Por uma saúde pública de precisão

Manoel Barral Netto

Carlos Grabois Gadelha

 

O mundo passa por um profundo processo de mudança, caracterizando uma quarta revolução industrial, alterando padrões produtivos, tecnológicos e de geração de conhecimentos. Essas mudanças trazem consigo enormes desafios, tanto para a inserção dos países na nova configuração global do conhecimento quanto para as condições sociais da população referentes à equidade e ao acesso aos bens de natureza pública como a saúde.

 

A saúde constitui uma das áreas mais impactadas e promotoras das novas tecnologias. A experiência recente com a prevenção e o cuidado das epidemias de dengue, zika e chikungunya revelaram a vantagem da interação da atividade realizada em nível primário com aquelas relacionadas à geração de conhecimentos da evolução dos vírus, do perfil de saúde da população brasileira e do desenvolvimento de tecnologias de diagnóstico para a prevenção e análise precisa dos resultados.

 

Várias atividades experimentam alterações resultantes da grande disponibilidade de dados digitais e da elevada capacidade de seu processamento e análise. A Academia Brasileira de Ciências inclui o desafio do aproveitamento dos dados como um dos temas prioritários no campo da saúde. A Organização Mundial da Saúde incorporou a denominação de Saúde Digital para o campo que compreende diversas áreas como big data, modelagem, Saúde Móvel e as tecnologias de sensoriamento remoto.

 

O aumento exponencial na capacidade de processamento de dados permite análises complexas em grande velocidade, conferindo potencial para que a inteligência em saúde se constitua numa força para o acesso universal previsto em nossa Constituição. Uma das estratégias é a utilização das informações para aumentar a precisão das ações. A Saúde de Precisão visa a descoberta, validação e otimização de estratégias de cuidado para grupos bem definidos da população de forma rápida, segundo as necessidades de cada grupo populacional, independentemente de sua capacidade econômica de pagamento.

 

A caracterização da população segundo suas características genéticas, sociais e locais permite a adoção de medidas mais apropriadas para suas condições específicas, viabilizando a equidade e o acesso universal e integral com a adoção de práticas eficientes e melhores para as pessoas.

 

A Saúde de Precisão poderá ter impacto destacado nas inovações para o desenvolvimento do Complexo Econômico-Industrial da Saúde no Brasil, cuja dependência de importações já atinge o arriscado valor de R$ 80 bilhões ao ano, possibilitando que deixemos de ser meros consumidores de pacotes tecnológicos gerados para populações diferentes da nossa. Precisamos desenvolver conhecimentos de que a sociedade precisa, visando atender às demandas do SUS de modo racional e economicamente sustentável.

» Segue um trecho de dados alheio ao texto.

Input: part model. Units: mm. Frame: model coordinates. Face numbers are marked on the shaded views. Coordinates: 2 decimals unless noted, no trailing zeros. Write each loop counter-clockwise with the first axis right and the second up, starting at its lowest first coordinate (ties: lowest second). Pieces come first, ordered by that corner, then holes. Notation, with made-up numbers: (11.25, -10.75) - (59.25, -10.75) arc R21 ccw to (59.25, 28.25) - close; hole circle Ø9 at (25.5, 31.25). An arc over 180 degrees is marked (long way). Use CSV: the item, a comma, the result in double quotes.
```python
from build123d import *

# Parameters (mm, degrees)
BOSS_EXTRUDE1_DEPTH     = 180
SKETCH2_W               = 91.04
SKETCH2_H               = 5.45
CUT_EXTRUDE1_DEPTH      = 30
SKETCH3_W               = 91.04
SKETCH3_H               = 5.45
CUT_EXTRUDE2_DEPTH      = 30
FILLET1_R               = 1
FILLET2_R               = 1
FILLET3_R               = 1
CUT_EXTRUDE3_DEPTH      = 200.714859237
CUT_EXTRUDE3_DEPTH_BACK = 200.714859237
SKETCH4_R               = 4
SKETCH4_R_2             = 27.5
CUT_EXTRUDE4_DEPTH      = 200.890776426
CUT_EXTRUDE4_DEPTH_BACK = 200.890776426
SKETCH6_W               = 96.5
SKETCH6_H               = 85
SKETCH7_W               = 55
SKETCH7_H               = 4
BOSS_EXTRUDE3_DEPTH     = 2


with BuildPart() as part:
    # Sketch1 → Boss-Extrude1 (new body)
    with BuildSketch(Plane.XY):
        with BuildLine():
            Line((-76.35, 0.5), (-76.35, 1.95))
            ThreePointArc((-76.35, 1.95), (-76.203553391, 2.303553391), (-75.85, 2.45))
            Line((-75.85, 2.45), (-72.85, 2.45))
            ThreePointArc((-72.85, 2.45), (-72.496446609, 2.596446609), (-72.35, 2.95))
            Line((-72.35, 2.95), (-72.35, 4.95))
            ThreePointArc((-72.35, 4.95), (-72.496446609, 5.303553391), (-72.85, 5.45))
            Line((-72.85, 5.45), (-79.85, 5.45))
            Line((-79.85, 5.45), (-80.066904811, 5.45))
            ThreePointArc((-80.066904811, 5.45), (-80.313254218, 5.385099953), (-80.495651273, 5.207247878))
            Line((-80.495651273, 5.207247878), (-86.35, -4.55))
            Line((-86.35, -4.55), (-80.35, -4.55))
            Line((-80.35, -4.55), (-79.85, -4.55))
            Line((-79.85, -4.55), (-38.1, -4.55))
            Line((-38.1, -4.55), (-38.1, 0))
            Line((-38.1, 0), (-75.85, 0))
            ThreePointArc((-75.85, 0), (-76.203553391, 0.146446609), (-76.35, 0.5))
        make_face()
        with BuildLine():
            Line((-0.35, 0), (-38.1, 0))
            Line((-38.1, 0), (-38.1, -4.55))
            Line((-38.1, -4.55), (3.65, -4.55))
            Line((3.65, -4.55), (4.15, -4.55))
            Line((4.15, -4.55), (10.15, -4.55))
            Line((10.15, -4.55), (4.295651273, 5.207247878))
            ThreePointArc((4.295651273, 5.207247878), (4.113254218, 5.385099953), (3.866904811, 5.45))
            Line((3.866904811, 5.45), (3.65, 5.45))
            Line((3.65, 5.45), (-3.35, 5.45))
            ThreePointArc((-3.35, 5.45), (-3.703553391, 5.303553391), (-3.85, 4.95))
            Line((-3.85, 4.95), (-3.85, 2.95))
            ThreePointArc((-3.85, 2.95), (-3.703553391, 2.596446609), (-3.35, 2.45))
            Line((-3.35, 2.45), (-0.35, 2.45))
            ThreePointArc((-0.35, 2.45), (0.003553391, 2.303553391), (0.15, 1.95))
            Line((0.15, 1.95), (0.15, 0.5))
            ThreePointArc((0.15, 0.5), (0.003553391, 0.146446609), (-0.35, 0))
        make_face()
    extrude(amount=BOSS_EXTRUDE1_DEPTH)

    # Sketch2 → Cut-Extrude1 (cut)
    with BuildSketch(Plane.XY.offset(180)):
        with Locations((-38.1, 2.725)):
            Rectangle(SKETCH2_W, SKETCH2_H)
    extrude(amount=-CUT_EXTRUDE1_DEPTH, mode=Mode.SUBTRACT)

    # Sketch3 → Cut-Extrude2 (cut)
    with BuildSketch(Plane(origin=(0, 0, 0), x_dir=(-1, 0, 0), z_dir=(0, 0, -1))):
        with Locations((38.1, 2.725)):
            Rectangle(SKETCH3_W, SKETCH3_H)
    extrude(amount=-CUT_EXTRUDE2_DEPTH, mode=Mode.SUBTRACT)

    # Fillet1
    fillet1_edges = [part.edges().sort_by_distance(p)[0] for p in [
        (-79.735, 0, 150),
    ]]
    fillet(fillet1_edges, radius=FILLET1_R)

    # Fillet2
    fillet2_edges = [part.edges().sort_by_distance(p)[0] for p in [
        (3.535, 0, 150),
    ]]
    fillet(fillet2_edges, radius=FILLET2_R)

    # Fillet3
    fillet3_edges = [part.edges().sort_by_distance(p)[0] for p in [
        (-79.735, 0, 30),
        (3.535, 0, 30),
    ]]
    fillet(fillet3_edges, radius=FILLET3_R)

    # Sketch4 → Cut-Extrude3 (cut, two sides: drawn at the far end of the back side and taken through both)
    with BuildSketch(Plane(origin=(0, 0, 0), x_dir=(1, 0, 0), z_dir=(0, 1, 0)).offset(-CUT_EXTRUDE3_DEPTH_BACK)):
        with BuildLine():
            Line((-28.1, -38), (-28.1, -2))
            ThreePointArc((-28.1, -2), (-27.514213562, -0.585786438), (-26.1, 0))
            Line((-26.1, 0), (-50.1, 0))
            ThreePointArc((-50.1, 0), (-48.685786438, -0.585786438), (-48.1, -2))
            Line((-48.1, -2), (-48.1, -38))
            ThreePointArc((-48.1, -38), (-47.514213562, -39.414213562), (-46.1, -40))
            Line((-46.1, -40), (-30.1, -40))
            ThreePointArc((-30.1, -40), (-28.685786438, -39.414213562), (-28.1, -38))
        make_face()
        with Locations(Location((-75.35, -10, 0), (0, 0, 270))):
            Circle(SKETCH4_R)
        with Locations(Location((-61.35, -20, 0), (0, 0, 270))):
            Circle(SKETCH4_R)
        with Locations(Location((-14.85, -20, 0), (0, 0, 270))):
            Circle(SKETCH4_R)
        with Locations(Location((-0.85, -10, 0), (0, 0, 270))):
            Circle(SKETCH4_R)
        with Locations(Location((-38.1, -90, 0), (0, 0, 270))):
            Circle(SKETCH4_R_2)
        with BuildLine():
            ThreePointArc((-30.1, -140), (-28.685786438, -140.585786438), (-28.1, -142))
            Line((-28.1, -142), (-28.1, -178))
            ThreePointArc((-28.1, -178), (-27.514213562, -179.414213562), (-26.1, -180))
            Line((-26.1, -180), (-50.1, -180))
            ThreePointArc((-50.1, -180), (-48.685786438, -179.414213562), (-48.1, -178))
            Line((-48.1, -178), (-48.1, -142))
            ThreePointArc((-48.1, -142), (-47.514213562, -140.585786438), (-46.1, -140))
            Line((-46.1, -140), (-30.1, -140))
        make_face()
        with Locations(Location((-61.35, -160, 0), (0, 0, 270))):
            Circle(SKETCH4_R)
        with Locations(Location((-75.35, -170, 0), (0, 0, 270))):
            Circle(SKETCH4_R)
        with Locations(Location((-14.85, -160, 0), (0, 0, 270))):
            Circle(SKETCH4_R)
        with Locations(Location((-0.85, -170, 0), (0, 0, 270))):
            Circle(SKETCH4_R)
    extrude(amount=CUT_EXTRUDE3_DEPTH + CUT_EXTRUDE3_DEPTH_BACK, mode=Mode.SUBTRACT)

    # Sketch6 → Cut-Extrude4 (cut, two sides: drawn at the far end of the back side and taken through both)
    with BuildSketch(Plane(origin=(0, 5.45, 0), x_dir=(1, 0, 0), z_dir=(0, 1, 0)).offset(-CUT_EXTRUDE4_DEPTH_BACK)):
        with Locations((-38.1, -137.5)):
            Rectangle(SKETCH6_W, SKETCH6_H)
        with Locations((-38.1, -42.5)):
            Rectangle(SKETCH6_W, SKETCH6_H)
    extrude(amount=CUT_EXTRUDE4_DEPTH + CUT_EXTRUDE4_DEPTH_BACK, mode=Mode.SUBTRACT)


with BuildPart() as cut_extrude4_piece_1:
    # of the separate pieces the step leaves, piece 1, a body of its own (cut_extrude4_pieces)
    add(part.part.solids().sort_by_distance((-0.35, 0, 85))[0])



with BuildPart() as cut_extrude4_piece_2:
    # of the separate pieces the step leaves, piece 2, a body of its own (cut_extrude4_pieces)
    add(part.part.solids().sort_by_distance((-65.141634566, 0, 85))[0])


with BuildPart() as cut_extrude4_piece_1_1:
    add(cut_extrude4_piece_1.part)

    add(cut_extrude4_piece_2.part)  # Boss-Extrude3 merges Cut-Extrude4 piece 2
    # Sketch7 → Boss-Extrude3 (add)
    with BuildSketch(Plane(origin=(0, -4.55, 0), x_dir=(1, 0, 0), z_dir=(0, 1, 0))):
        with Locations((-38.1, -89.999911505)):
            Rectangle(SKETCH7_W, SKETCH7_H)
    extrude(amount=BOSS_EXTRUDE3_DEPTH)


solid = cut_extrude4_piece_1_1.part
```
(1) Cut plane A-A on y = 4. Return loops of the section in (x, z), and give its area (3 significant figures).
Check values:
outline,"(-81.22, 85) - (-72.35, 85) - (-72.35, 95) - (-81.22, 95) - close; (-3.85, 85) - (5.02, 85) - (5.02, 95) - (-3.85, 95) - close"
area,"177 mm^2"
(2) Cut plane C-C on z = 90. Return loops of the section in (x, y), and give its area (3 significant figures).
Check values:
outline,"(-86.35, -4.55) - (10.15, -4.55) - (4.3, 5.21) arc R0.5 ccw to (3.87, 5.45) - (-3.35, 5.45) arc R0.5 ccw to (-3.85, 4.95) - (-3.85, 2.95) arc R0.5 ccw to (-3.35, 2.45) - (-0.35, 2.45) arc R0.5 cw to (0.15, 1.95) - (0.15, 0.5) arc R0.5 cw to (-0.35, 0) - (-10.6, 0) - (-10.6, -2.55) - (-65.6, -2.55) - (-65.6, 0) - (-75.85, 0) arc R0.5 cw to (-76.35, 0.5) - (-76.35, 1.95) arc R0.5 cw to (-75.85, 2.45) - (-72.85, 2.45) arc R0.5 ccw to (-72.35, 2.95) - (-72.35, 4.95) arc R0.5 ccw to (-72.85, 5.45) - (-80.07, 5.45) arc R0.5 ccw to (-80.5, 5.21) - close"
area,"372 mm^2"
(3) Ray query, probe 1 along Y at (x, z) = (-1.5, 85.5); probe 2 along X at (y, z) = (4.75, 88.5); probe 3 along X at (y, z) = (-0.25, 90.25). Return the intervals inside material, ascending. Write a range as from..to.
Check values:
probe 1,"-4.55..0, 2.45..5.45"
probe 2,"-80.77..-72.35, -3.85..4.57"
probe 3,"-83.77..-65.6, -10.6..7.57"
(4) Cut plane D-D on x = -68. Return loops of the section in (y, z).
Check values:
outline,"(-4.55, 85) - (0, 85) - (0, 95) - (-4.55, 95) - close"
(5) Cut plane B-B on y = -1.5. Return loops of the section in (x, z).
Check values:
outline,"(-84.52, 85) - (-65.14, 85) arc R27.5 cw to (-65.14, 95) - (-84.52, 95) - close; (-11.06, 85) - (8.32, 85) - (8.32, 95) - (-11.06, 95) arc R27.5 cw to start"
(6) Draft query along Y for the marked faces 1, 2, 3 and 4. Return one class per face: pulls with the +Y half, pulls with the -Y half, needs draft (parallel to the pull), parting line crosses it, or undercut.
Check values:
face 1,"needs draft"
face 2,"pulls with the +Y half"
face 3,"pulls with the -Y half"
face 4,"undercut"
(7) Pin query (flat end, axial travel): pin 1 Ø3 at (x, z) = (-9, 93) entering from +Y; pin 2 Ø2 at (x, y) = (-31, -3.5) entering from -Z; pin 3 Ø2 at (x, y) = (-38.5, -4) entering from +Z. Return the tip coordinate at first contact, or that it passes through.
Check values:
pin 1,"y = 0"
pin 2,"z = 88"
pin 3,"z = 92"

A linearidade do cuidado, tratada de modo errôneo como equidade, é ineficiente e carrega em si uma diferenciação inaceitável para o cuidado eficiente e racional das pessoas. A Saúde Pública de Precisão permite avançar no contexto contemporâneo dos novos conhecimentos e tecnologias numa perspectiva de garantir a sustentabilidade do SUS frente ao compromisso com a equidade em saúde em todas as suas dimensões.

 

Manoel Barral Netto e Carlos Grabois Gadelha são pesquisadores da Fiocruz.